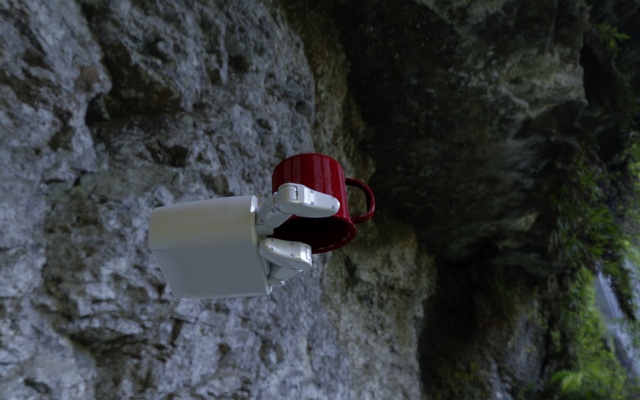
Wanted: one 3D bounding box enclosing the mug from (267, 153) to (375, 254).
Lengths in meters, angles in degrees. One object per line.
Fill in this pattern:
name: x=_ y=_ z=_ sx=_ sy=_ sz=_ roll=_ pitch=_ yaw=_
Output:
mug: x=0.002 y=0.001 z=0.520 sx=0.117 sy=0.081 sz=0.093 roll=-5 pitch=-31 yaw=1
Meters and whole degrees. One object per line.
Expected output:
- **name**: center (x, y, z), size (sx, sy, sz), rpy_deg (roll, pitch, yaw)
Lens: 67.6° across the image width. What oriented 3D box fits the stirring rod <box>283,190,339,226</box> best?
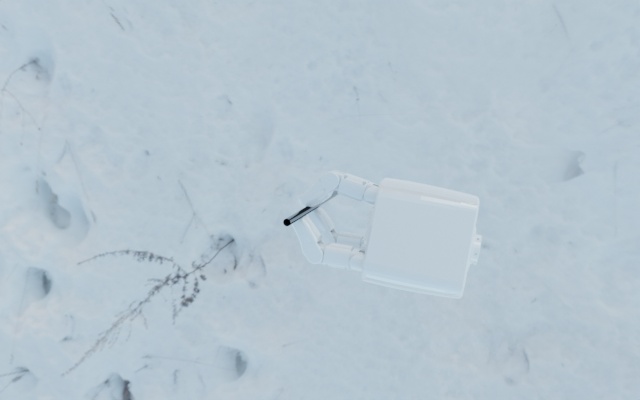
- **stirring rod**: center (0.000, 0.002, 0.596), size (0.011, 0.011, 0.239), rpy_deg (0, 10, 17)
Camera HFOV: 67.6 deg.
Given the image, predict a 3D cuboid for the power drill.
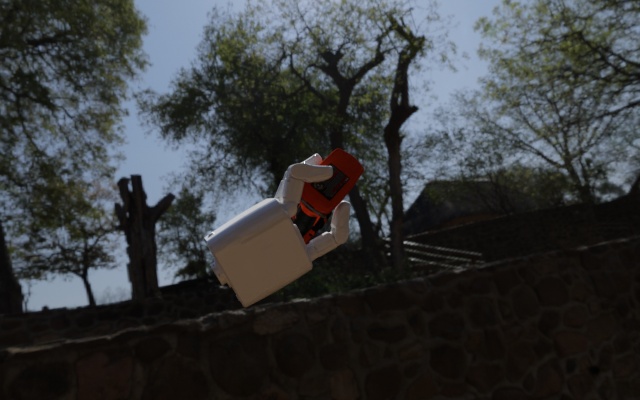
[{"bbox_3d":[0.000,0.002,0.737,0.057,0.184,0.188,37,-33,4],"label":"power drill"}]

⁂

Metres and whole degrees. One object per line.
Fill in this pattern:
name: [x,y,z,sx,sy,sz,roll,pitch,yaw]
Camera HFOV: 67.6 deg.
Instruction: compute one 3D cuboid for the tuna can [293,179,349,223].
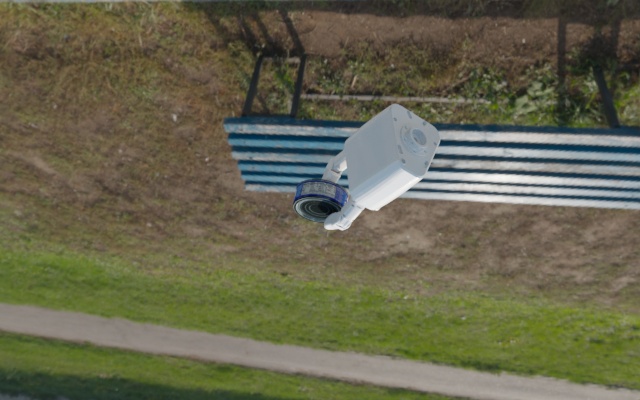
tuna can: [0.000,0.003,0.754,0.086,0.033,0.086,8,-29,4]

⁂

• _Assignment_: Report all lines in the records that include the string "object".

• _Exercise response_:
Lengths in meters, angles in degrees. One object per line.
Meters and whole degrees. One object per line.
Metres and whole degrees. One object per line.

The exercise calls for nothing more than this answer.